Content starts
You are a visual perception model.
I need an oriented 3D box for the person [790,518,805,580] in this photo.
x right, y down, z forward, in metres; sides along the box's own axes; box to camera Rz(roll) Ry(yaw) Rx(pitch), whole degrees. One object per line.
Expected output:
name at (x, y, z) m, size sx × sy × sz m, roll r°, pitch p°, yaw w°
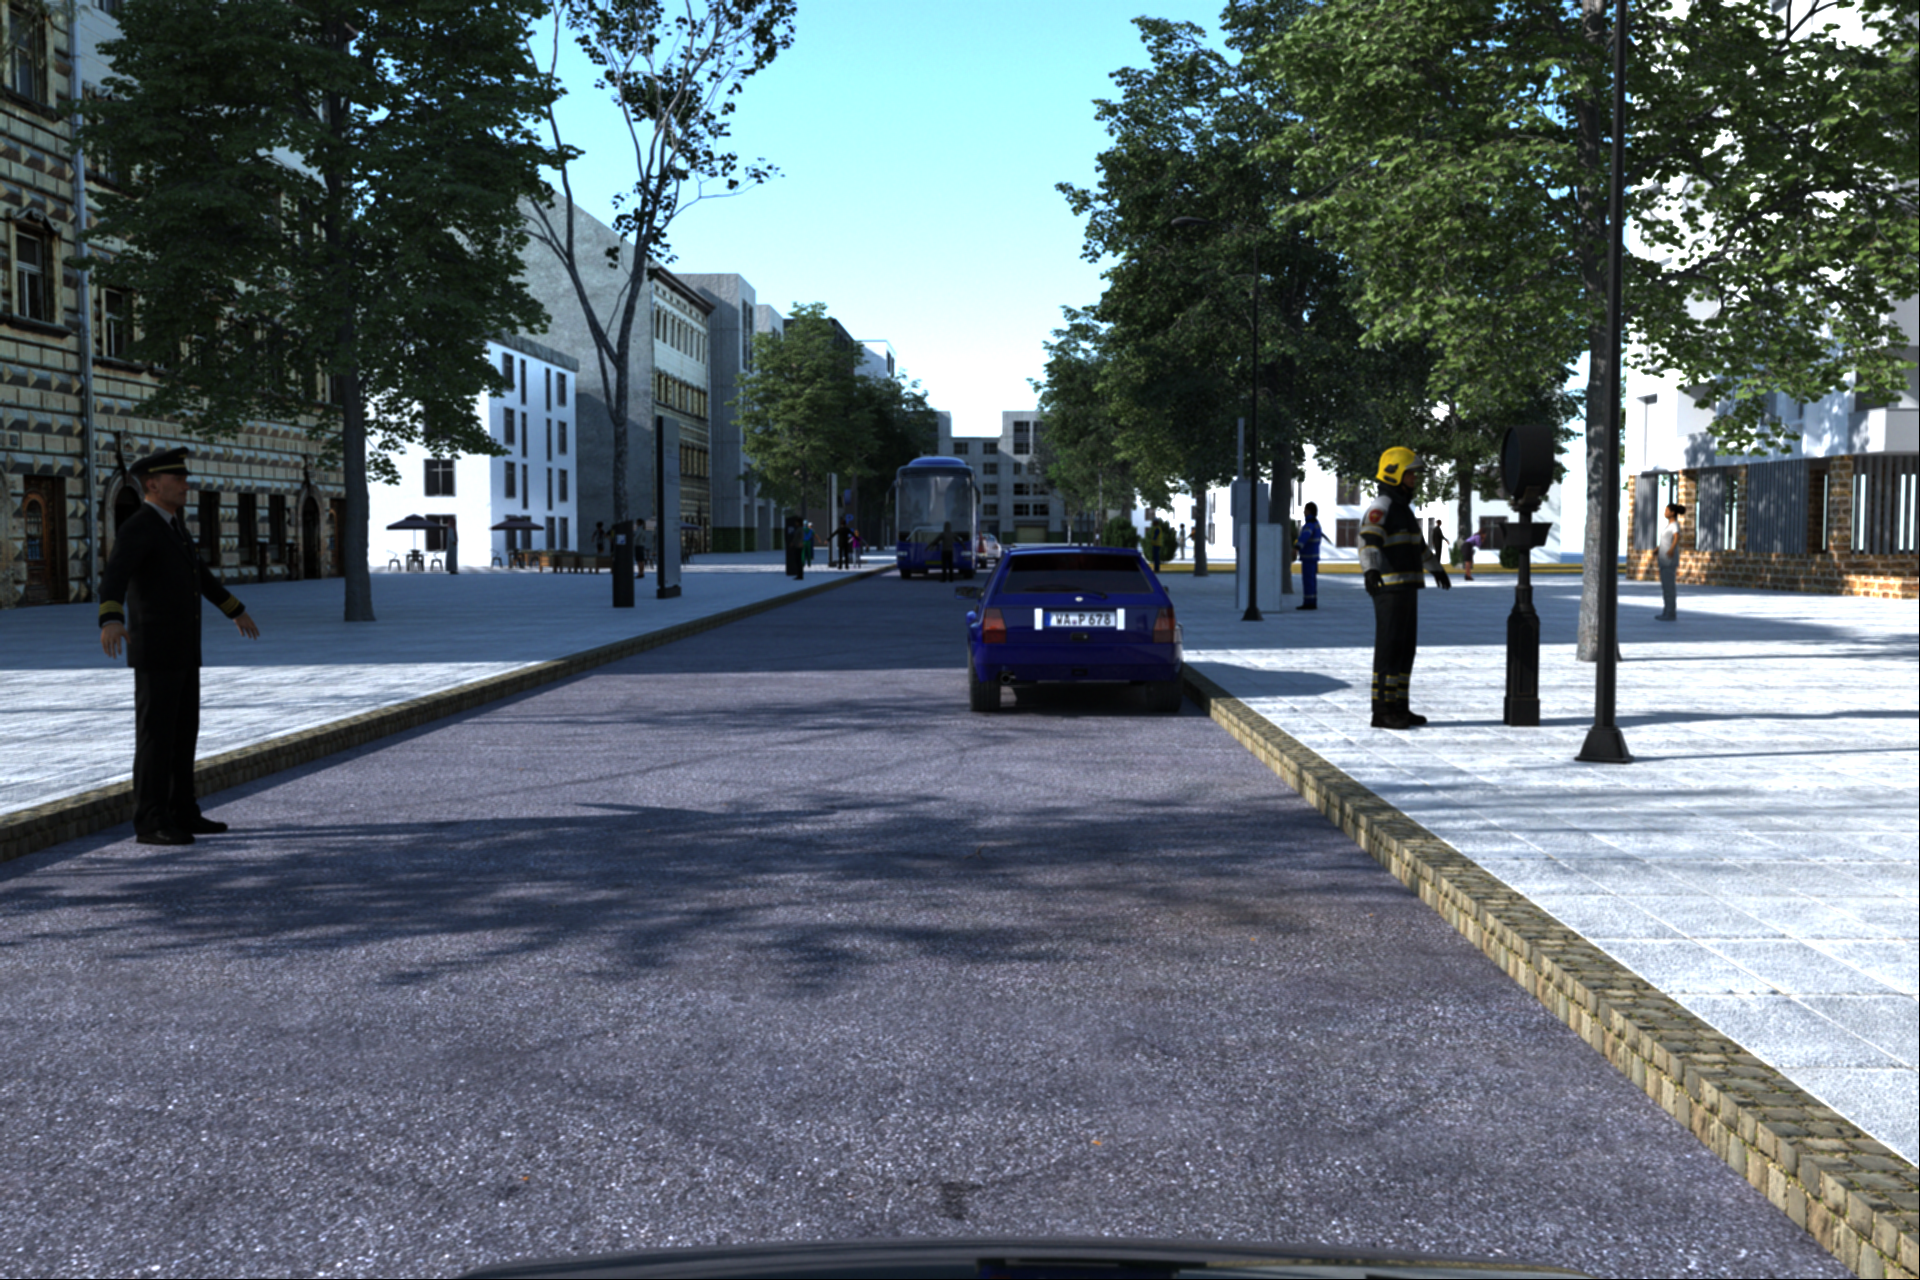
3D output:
person at (-4.600, -2.568, 48.751) m, size 0.721 × 1.744 × 1.215 m, roll -1°, pitch 4°, yaw -18°

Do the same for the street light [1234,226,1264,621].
street light at (4.887, -3.241, 25.525) m, size 1.470 × 5.913 × 1.316 m, roll 0°, pitch 4°, yaw 1°

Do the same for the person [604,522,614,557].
person at (-16.878, -4.819, 84.568) m, size 1.354 × 1.856 × 0.705 m, roll 1°, pitch 4°, yaw 9°

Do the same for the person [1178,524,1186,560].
person at (11.033, -4.895, 86.218) m, size 0.705 × 1.806 × 1.347 m, roll 0°, pitch 4°, yaw -3°

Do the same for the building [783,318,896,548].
building at (-21.719, -20.602, 180.815) m, size 27.936 × 21.610 × 32.646 m, roll 0°, pitch 4°, yaw 2°

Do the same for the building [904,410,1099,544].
building at (6.040, -23.554, 254.024) m, size 31.486 × 18.905 × 16.747 m, roll 0°, pitch 4°, yaw 1°

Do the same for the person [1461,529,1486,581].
person at (14.043, -2.332, 47.404) m, size 0.697 × 1.427 × 0.421 m, roll 0°, pitch 4°, yaw -7°

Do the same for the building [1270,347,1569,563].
building at (22.751, -9.090, 90.765) m, size 9.099 × 9.664 × 28.070 m, roll 0°, pitch 4°, yaw 2°

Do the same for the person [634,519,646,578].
person at (-9.352, -2.651, 50.169) m, size 0.721 × 1.735 × 1.217 m, roll 0°, pitch 4°, yaw 8°

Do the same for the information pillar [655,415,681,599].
information pillar at (-5.893, -2.672, 34.999) m, size 0.184 × 3.620 × 1.656 m, roll 0°, pitch 4°, yaw 2°

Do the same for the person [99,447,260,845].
person at (-3.694, 0.017, 8.120) m, size 0.705 × 1.837 × 1.347 m, roll 0°, pitch 4°, yaw 3°

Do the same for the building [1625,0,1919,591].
building at (23.675, -11.609, 46.226) m, size 16.016 × 20.090 × 11.380 m, roll 0°, pitch 4°, yaw 1°

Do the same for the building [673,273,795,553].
building at (-22.970, -16.331, 133.472) m, size 16.747 × 18.905 × 31.486 m, roll 0°, pitch 4°, yaw 1°

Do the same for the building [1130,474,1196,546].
building at (23.989, -15.567, 196.673) m, size 9.099 × 9.664 × 28.070 m, roll 0°, pitch 4°, yaw 1°

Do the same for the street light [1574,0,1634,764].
street light at (4.199, -2.269, 9.636) m, size 1.470 × 5.913 × 1.316 m, roll 0°, pitch 4°, yaw 1°

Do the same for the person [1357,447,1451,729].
person at (2.921, -0.351, 11.506) m, size 0.704 × 1.858 × 1.351 m, roll 2°, pitch 4°, yaw 35°

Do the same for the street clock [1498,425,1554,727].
street clock at (3.770, -0.428, 11.571) m, size 0.358 × 2.002 × 0.471 m, roll 0°, pitch 4°, yaw 2°

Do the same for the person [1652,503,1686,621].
person at (10.490, -1.165, 25.813) m, size 0.721 × 1.739 × 1.217 m, roll 1°, pitch 4°, yaw 12°

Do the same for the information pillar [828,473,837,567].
information pillar at (-4.948, -4.646, 67.278) m, size 0.184 × 3.620 × 1.656 m, roll 0°, pitch 4°, yaw 2°

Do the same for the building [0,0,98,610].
building at (-25.544, -11.740, 22.881) m, size 19.493 × 23.208 × 18.063 m, roll 0°, pitch 4°, yaw 1°

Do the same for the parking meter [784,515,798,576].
parking meter at (-5.206, -2.919, 53.445) m, size 0.399 × 1.863 × 0.255 m, roll 0°, pitch 4°, yaw 2°

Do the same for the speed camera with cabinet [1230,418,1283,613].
speed camera with cabinet at (4.944, -2.111, 28.857) m, size 0.660 × 3.252 × 2.038 m, roll 0°, pitch 4°, yaw 2°

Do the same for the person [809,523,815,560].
person at (-7.539, -4.984, 87.338) m, size 0.705 × 1.847 × 1.347 m, roll 1°, pitch 4°, yaw 14°

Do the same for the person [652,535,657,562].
person at (-13.957, -4.521, 80.050) m, size 0.704 × 1.812 × 1.346 m, roll 0°, pitch 4°, yaw 4°

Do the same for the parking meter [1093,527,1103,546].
parking meter at (5.015, -3.336, 62.958) m, size 0.372 × 1.533 × 0.369 m, roll 0°, pitch 3°, yaw 0°

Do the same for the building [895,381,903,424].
building at (-22.478, -23.548, 228.990) m, size 27.936 × 21.610 × 32.646 m, roll 0°, pitch 4°, yaw 2°

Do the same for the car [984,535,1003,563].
car at (1.110, -4.526, 86.366) m, size 2.083 × 1.381 × 4.827 m, roll 0°, pitch 4°, yaw 1°

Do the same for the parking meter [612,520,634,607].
parking meter at (-5.914, -1.345, 30.408) m, size 0.372 × 1.533 × 0.369 m, roll 0°, pitch 3°, yaw 0°

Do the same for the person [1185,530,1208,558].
person at (12.858, -5.391, 93.911) m, size 1.354 × 1.858 × 0.705 m, roll -1°, pitch 4°, yaw -14°

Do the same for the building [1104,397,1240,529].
building at (27.625, -23.981, 223.024) m, size 19.493 × 23.208 × 18.063 m, roll 0°, pitch 4°, yaw 1°

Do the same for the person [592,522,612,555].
person at (-15.942, -4.327, 76.884) m, size 1.345 × 1.843 × 0.704 m, roll 3°, pitch 5°, yaw 39°

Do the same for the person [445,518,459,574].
person at (-16.271, -3.026, 55.624) m, size 0.704 × 1.811 × 1.347 m, roll -1°, pitch 4°, yaw -15°

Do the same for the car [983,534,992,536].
car at (2.086, -8.598, 149.380) m, size 1.959 × 1.807 × 4.718 m, roll 0°, pitch 4°, yaw 1°

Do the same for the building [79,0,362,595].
building at (-27.380, -12.947, 42.609) m, size 19.493 × 23.208 × 18.063 m, roll 0°, pitch 4°, yaw 0°

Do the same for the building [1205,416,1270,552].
building at (22.775, -11.010, 122.168) m, size 9.099 × 9.664 × 28.070 m, roll 0°, pitch 4°, yaw 1°

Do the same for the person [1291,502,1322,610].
person at (5.909, -1.433, 29.409) m, size 0.704 × 1.831 × 1.345 m, roll 2°, pitch 4°, yaw 26°

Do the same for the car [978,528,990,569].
car at (0.127, -3.917, 72.719) m, size 2.281 × 1.827 × 5.304 m, roll 0°, pitch 4°, yaw 1°

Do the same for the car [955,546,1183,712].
car at (0.927, -0.166, 15.295) m, size 1.945 × 1.354 × 3.894 m, roll 0°, pitch 3°, yaw 0°

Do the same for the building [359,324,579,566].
building at (-22.868, -8.646, 83.514) m, size 9.099 × 9.664 × 28.070 m, roll 0°, pitch 4°, yaw 2°

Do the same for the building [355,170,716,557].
building at (-26.195, -16.850, 106.427) m, size 19.493 × 23.208 × 18.063 m, roll 0°, pitch 4°, yaw 2°
Content ends
## Your goal
The records above need to be copied exactly, with the pictures left out.

## Answer to the problem
You are a visual perception model.
I need an oriented 3D box for the person [790,518,805,580] in this photo.
x right, y down, z forward, in metres; sides along the box's own axes; box to camera Rz(roll) Ry(yaw) Rx(pitch), whole degrees. One object per line.
Expected output:
name at (x, y, z) m, size sx × sy × sz m, roll r°, pitch p°, yaw w°
3D output:
person at (-4.600, -2.568, 48.751) m, size 0.721 × 1.744 × 1.215 m, roll -1°, pitch 4°, yaw -18°

Do the same for the street light [1234,226,1264,621].
street light at (4.887, -3.241, 25.525) m, size 1.470 × 5.913 × 1.316 m, roll 0°, pitch 4°, yaw 1°

Do the same for the person [604,522,614,557].
person at (-16.878, -4.819, 84.568) m, size 1.354 × 1.856 × 0.705 m, roll 1°, pitch 4°, yaw 9°

Do the same for the person [1178,524,1186,560].
person at (11.033, -4.895, 86.218) m, size 0.705 × 1.806 × 1.347 m, roll 0°, pitch 4°, yaw -3°

Do the same for the building [783,318,896,548].
building at (-21.719, -20.602, 180.815) m, size 27.936 × 21.610 × 32.646 m, roll 0°, pitch 4°, yaw 2°

Do the same for the building [904,410,1099,544].
building at (6.040, -23.554, 254.024) m, size 31.486 × 18.905 × 16.747 m, roll 0°, pitch 4°, yaw 1°

Do the same for the person [1461,529,1486,581].
person at (14.043, -2.332, 47.404) m, size 0.697 × 1.427 × 0.421 m, roll 0°, pitch 4°, yaw -7°

Do the same for the building [1270,347,1569,563].
building at (22.751, -9.090, 90.765) m, size 9.099 × 9.664 × 28.070 m, roll 0°, pitch 4°, yaw 2°

Do the same for the person [634,519,646,578].
person at (-9.352, -2.651, 50.169) m, size 0.721 × 1.735 × 1.217 m, roll 0°, pitch 4°, yaw 8°

Do the same for the information pillar [655,415,681,599].
information pillar at (-5.893, -2.672, 34.999) m, size 0.184 × 3.620 × 1.656 m, roll 0°, pitch 4°, yaw 2°

Do the same for the person [99,447,260,845].
person at (-3.694, 0.017, 8.120) m, size 0.705 × 1.837 × 1.347 m, roll 0°, pitch 4°, yaw 3°

Do the same for the building [1625,0,1919,591].
building at (23.675, -11.609, 46.226) m, size 16.016 × 20.090 × 11.380 m, roll 0°, pitch 4°, yaw 1°

Do the same for the building [673,273,795,553].
building at (-22.970, -16.331, 133.472) m, size 16.747 × 18.905 × 31.486 m, roll 0°, pitch 4°, yaw 1°

Do the same for the building [1130,474,1196,546].
building at (23.989, -15.567, 196.673) m, size 9.099 × 9.664 × 28.070 m, roll 0°, pitch 4°, yaw 1°

Do the same for the street light [1574,0,1634,764].
street light at (4.199, -2.269, 9.636) m, size 1.470 × 5.913 × 1.316 m, roll 0°, pitch 4°, yaw 1°

Do the same for the person [1357,447,1451,729].
person at (2.921, -0.351, 11.506) m, size 0.704 × 1.858 × 1.351 m, roll 2°, pitch 4°, yaw 35°

Do the same for the street clock [1498,425,1554,727].
street clock at (3.770, -0.428, 11.571) m, size 0.358 × 2.002 × 0.471 m, roll 0°, pitch 4°, yaw 2°

Do the same for the person [1652,503,1686,621].
person at (10.490, -1.165, 25.813) m, size 0.721 × 1.739 × 1.217 m, roll 1°, pitch 4°, yaw 12°

Do the same for the information pillar [828,473,837,567].
information pillar at (-4.948, -4.646, 67.278) m, size 0.184 × 3.620 × 1.656 m, roll 0°, pitch 4°, yaw 2°

Do the same for the building [0,0,98,610].
building at (-25.544, -11.740, 22.881) m, size 19.493 × 23.208 × 18.063 m, roll 0°, pitch 4°, yaw 1°

Do the same for the parking meter [784,515,798,576].
parking meter at (-5.206, -2.919, 53.445) m, size 0.399 × 1.863 × 0.255 m, roll 0°, pitch 4°, yaw 2°

Do the same for the speed camera with cabinet [1230,418,1283,613].
speed camera with cabinet at (4.944, -2.111, 28.857) m, size 0.660 × 3.252 × 2.038 m, roll 0°, pitch 4°, yaw 2°

Do the same for the person [809,523,815,560].
person at (-7.539, -4.984, 87.338) m, size 0.705 × 1.847 × 1.347 m, roll 1°, pitch 4°, yaw 14°

Do the same for the person [652,535,657,562].
person at (-13.957, -4.521, 80.050) m, size 0.704 × 1.812 × 1.346 m, roll 0°, pitch 4°, yaw 4°

Do the same for the parking meter [1093,527,1103,546].
parking meter at (5.015, -3.336, 62.958) m, size 0.372 × 1.533 × 0.369 m, roll 0°, pitch 3°, yaw 0°

Do the same for the building [895,381,903,424].
building at (-22.478, -23.548, 228.990) m, size 27.936 × 21.610 × 32.646 m, roll 0°, pitch 4°, yaw 2°

Do the same for the car [984,535,1003,563].
car at (1.110, -4.526, 86.366) m, size 2.083 × 1.381 × 4.827 m, roll 0°, pitch 4°, yaw 1°

Do the same for the parking meter [612,520,634,607].
parking meter at (-5.914, -1.345, 30.408) m, size 0.372 × 1.533 × 0.369 m, roll 0°, pitch 3°, yaw 0°

Do the same for the person [1185,530,1208,558].
person at (12.858, -5.391, 93.911) m, size 1.354 × 1.858 × 0.705 m, roll -1°, pitch 4°, yaw -14°

Do the same for the building [1104,397,1240,529].
building at (27.625, -23.981, 223.024) m, size 19.493 × 23.208 × 18.063 m, roll 0°, pitch 4°, yaw 1°

Do the same for the person [592,522,612,555].
person at (-15.942, -4.327, 76.884) m, size 1.345 × 1.843 × 0.704 m, roll 3°, pitch 5°, yaw 39°

Do the same for the person [445,518,459,574].
person at (-16.271, -3.026, 55.624) m, size 0.704 × 1.811 × 1.347 m, roll -1°, pitch 4°, yaw -15°

Do the same for the car [983,534,992,536].
car at (2.086, -8.598, 149.380) m, size 1.959 × 1.807 × 4.718 m, roll 0°, pitch 4°, yaw 1°

Do the same for the building [79,0,362,595].
building at (-27.380, -12.947, 42.609) m, size 19.493 × 23.208 × 18.063 m, roll 0°, pitch 4°, yaw 0°

Do the same for the building [1205,416,1270,552].
building at (22.775, -11.010, 122.168) m, size 9.099 × 9.664 × 28.070 m, roll 0°, pitch 4°, yaw 1°

Do the same for the person [1291,502,1322,610].
person at (5.909, -1.433, 29.409) m, size 0.704 × 1.831 × 1.345 m, roll 2°, pitch 4°, yaw 26°

Do the same for the car [978,528,990,569].
car at (0.127, -3.917, 72.719) m, size 2.281 × 1.827 × 5.304 m, roll 0°, pitch 4°, yaw 1°

Do the same for the car [955,546,1183,712].
car at (0.927, -0.166, 15.295) m, size 1.945 × 1.354 × 3.894 m, roll 0°, pitch 3°, yaw 0°

Do the same for the building [359,324,579,566].
building at (-22.868, -8.646, 83.514) m, size 9.099 × 9.664 × 28.070 m, roll 0°, pitch 4°, yaw 2°

Do the same for the building [355,170,716,557].
building at (-26.195, -16.850, 106.427) m, size 19.493 × 23.208 × 18.063 m, roll 0°, pitch 4°, yaw 2°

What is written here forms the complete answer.